We had an internal doc readout that explains how JustSaying manages concurrency during message handling and why did they move away from a concurrency strategy that is similar to what AWS Message Processing Framework for .NET uses currently.
JustSaying has a concept called SubscriptionGroups which is a collection of multiple SQS queues with the same shared configuration. By default, each queue has its own SubscriptionGroup. When a concurrency limit is set on a subscription group, this limit is shared across all SQS queues belonging to the same group. This means that if the concurrency limit is set to 10, then the combined maximum number of concurrently handled messages across all queues would be 10.
SubsciptionGroups are based on Channels based data structures.

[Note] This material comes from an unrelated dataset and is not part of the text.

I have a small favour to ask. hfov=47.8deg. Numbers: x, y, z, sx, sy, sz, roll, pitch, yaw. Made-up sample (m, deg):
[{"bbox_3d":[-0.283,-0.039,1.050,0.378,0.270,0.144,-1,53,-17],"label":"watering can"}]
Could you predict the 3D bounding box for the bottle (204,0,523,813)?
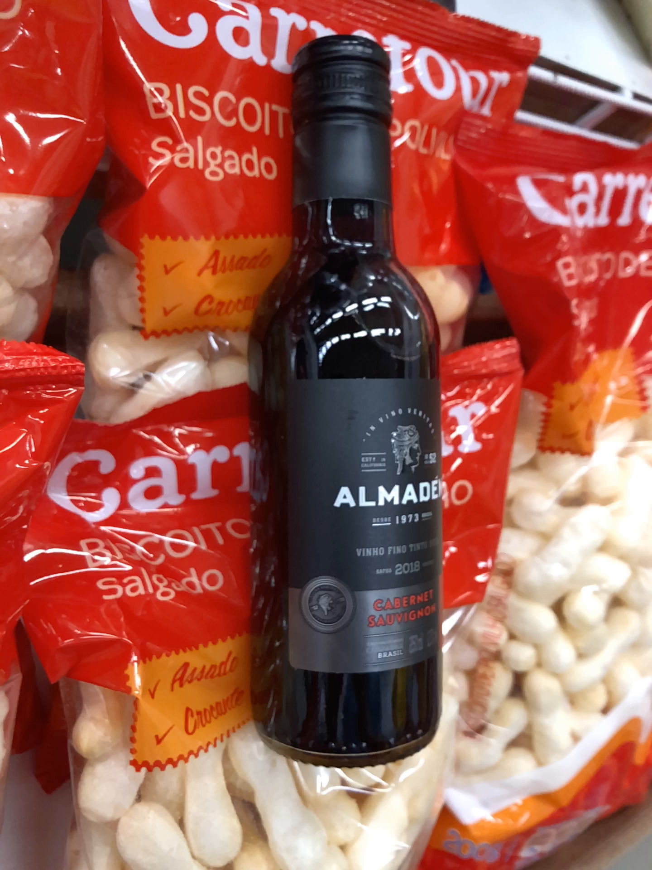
[{"bbox_3d":[0.010,-0.016,0.203,0.060,0.050,0.200,-2,89,-38],"label":"bottle"}]

Benefits of SubscriptionGroups
Subscription group offers throttled access to a shared resource that is being used by multiple handlers concurrently. Imagine a scenario in which you have several queues whose handlers all hit the same database. To be resilient under load, it's important to not overload the database by allowing too many requests through. Using subscription groups would put a concurrency limit that is shared across all handlers.
Drawbacks of Using Subscription Groups
Subscription groups induce a constant backpressure of messages that is governed by the WithPrefetch extension method. This controls the number of messages that should be read from SQS each time it makes a call. Each SQS queue within the group will prefetch 1 batch of messages during the first iteration. Subsequently, as soon as 1 message is being processed from a batch, the next batch is fetched pre-emptively.

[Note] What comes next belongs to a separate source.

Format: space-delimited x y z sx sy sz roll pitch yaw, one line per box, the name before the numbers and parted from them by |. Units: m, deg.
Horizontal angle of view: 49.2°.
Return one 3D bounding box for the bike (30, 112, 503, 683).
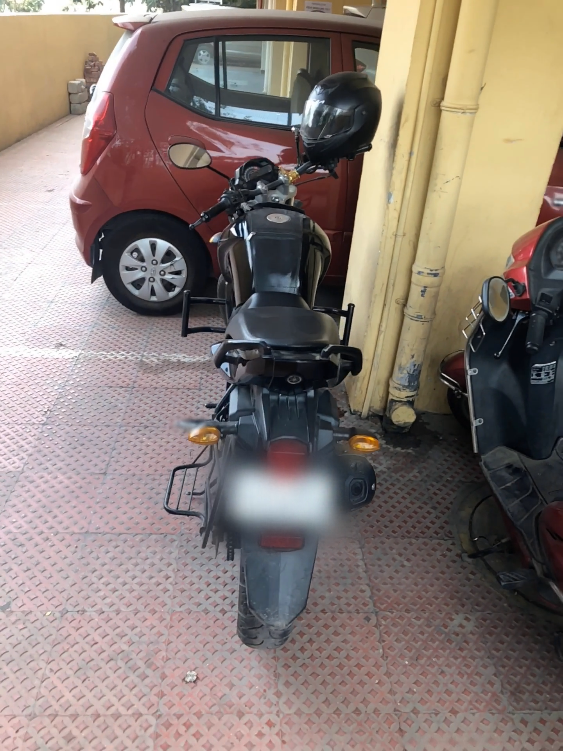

The downside to this approach is that during each polling request, the user is receiving more messages than what can be consumed. These messages are buffered until a worker is available and their visibility is constantly being monitored and extended in the background. This can have business impact for customers since requests for extending visibility of messages are chargeable. This drawback was also mentioned in one of the PR comments left by a maintainer of JustSaying. Concurrency management in subscription groups is decoupled from the message polling logic. Concurrency limits will only restrict the number of handlers being invoked across all SQS queues but it does not influence the number of messages that will be fetched from SQS during each service call.

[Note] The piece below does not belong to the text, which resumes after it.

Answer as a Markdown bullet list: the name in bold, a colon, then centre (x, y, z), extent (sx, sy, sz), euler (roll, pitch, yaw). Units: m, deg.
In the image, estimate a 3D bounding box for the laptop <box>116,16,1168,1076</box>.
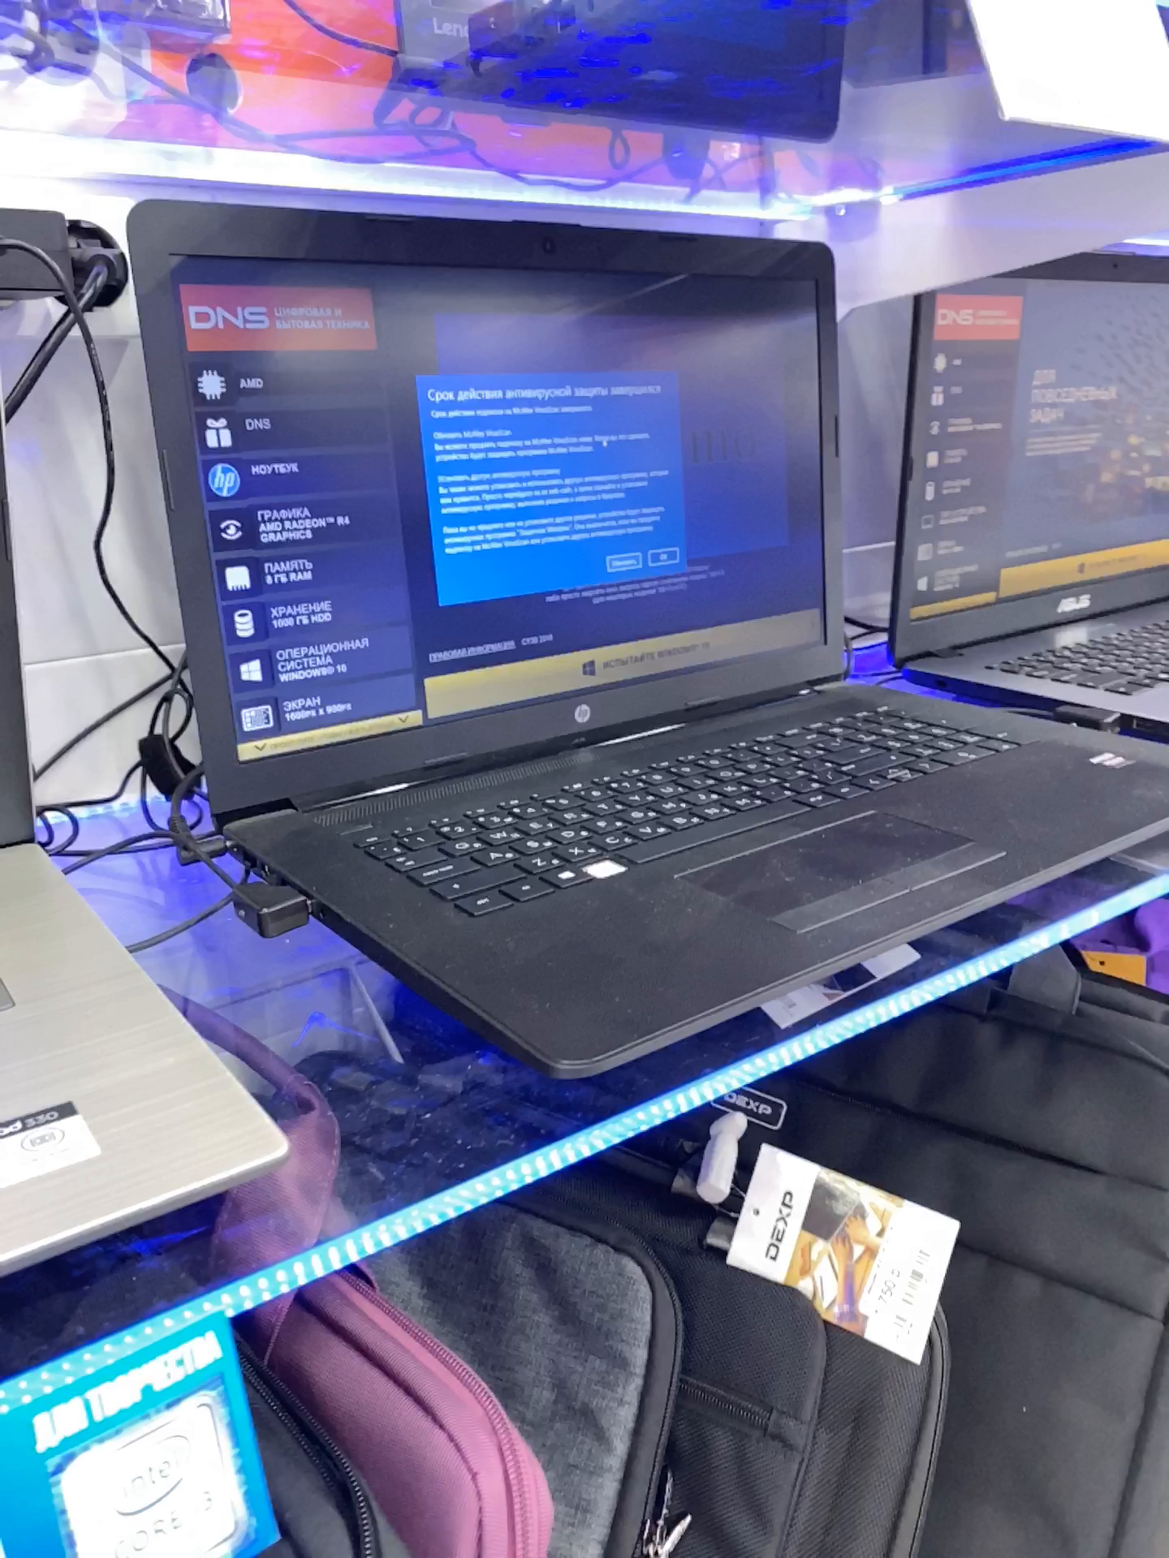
- **laptop**: centre (0.069, -0.116, 0.531), extent (0.419, 0.260, 0.295), euler (-13, 21, -35)

Additionally, messages that are polled from multiple SQS queues are buffered asynchronously and are interleaved. Since there are no guarantees on ordering of messages, JustSaying does not support FIFO handling of messages and also has an open GitHub issue about it.
Why did JustSaying opt to use a Channels based approach to concurrency management?
This GitHub issue outlines the concurrency related issues in JustSaying prior to V7. Below is a summary of it:
The had an interface called IMessageProcessingStrategy with the following members
int MaxWorkers { get; }
int AvailableWorkers { get; }
void StartWorker(Func<Task> action);
Task WaitForAvailableWorkers();
Imagine a scenario where a single instance IMessageProcessingStrategy
was shared across 2 SQS pollers.
- T0:
AvailableWorkers
is 0. Both pollers are blocked onWaitForAvailableWorkers()
- T1:
AvailableWorkers
is set to 1 and both pollers attempt to read this value. - T2: Poller 1 reads the value first and requests SQS for 1 message and dispatches it for processing, decrementing
AvailableWorkers
to 0 - T3: Poller 2 still has the stale value of
AvailableWorkers
in memory and requests 1 more message and eventually dispatches it for processing but also violates the concurrency limit.
They did not have a thread-safe way to maintain a count of AvailableWorkers
across multiple SQS pollers and therefore moved away from it.
Conclusion
There are no user reported issues with the concurrency strategy currently used by AWS Message Processing Framework for .NET. It is stable with extensive test coverage around it. We currently do not plan to support setting a concurrency limit that is shared across multiple SQS queues and therefore have decided to stick to our current concurrency management startegy.